For my arm64 platform, all the uncore events get mixed in, making the list
very disorganised:
page-faults OR faults [Software event]
task-clock [Software event]
duration_time [Tool event]
L1-dcache-load-misses [Hardware cache event]
L1-dcache-loads [Hardware cache event]
L1-icache-load-misses [Hardware cache event]
L1-icache-loads [Hardware cache event]
branch-load-misses [Hardware cache event]
branch-loads [Hardware cache event]
dTLB-load-misses [Hardware cache event]
dTLB-loads [Hardware cache event]
iTLB-load-misses [Hardware cache event]
iTLB-loads [Hardware cache event]
br_mis_pred OR armv8_pmuv3_0/br_mis_pred/ [Kernel PMU event]
br_mis_pred_retired OR armv8_pmuv3_0/br_mis_pred_retired/ [Kernel PMU event]
br_pred OR armv8_pmuv3_0/br_pred/ [Kernel PMU event]
br_retired OR armv8_pmuv3_0/br_retired/ [Kernel PMU event]
br_return_retired OR armv8_pmuv3_0/br_return_retired/ [Kernel PMU event]
bus_access OR armv8_pmuv3_0/bus_access/ [Kernel PMU event]
bus_cycles OR armv8_pmuv3_0/bus_cycles/ [Kernel PMU event]
cid_write_retired OR armv8_pmuv3_0/cid_write_retired/ [Kernel PMU event]
cpu_cycles OR armv8_pmuv3_0/cpu_cycles/ [Kernel PMU event]
dtlb_walk OR armv8_pmuv3_0/dtlb_walk/ [Kernel PMU event]
exc_return OR armv8_pmuv3_0/exc_return/ [Kernel PMU event]
exc_taken OR armv8_pmuv3_0/exc_taken/ [Kernel PMU event]
hisi_sccl1_ddrc0/act_cmd/ [Kernel PMU event]
hisi_sccl1_ddrc0/flux_rcmd/ [Kernel PMU event]
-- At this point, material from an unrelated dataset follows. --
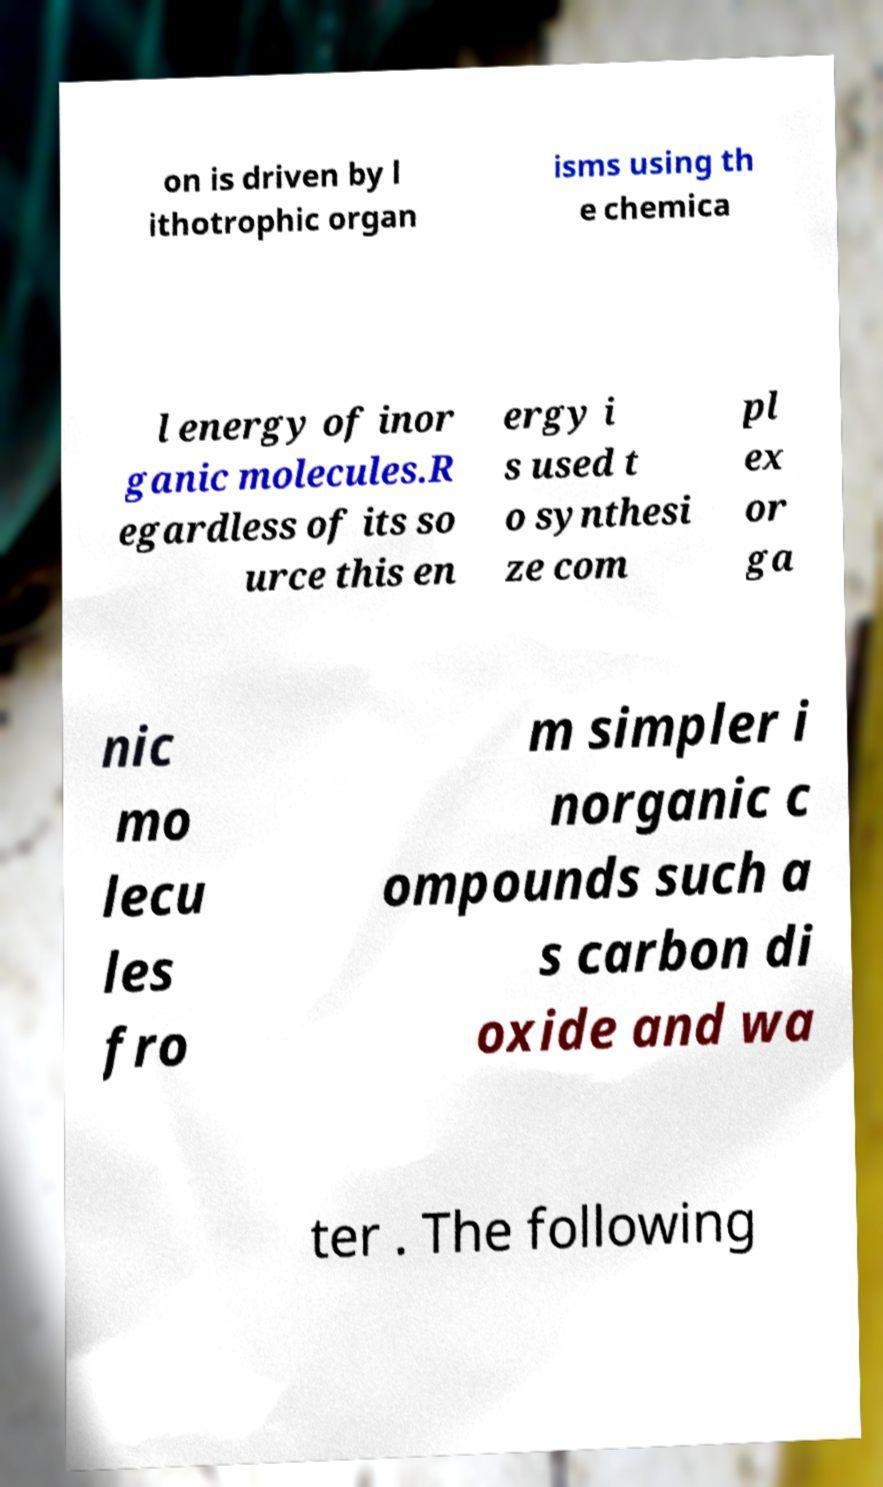For documentation purposes, I need the text within this image transcribed. Could you provide that? on is driven by l ithotrophic organ isms using th e chemica l energy of inor ganic molecules.R egardless of its so urce this en ergy i s used t o synthesi ze com pl ex or ga nic mo lecu les fro m simpler i norganic c ompounds such a s carbon di oxide and wa ter . The following

hisi_sccl1_ddrc0/flux_rd/ [Kernel PMU event]
hisi_sccl1_ddrc0/flux_wcmd/ [Kernel PMU event]
hisi_sccl1_ddrc0/flux_wr/ [Kernel PMU event]
hisi_sccl1_ddrc0/pre_cmd/ [Kernel PMU event]
hisi_sccl1_ddrc0/rnk_chg/ [Kernel PMU event]
...
hisi_sccl7_l3c21/wr_hit_cpipe/ [Kernel PMU event]
hisi_sccl7_l3c21/wr_hit_spipe/ [Kernel PMU event]
hisi_sccl7_l3c21/wr_spipe/ [Kernel PMU event]
inst_retired OR armv8_pmuv3_0/inst_retired/ [Kernel PMU event]
inst_spec OR armv8_pmuv3_0/inst_spec/ [Kernel PMU event]
itlb_walk OR armv8_pmuv3_0/itlb_walk/ [Kernel PMU event]
l1d_cache OR armv8_pmuv3_0/l1d_cache/ [Kernel PMU event]
l1d_cache_refill OR armv8_pmuv3_0/l1d_cache_refill/ [Kernel PMU event]
l1d_cache_wb OR armv8_pmuv3_0/l1d_cache_wb/ [Kernel PMU event]
l1d_tlb OR armv8_pmuv3_0/l1d_tlb/ [Kernel PMU event]
l1d_tlb_refill OR armv8_pmuv3_0/l1d_tlb_refill/ [Kernel PMU event]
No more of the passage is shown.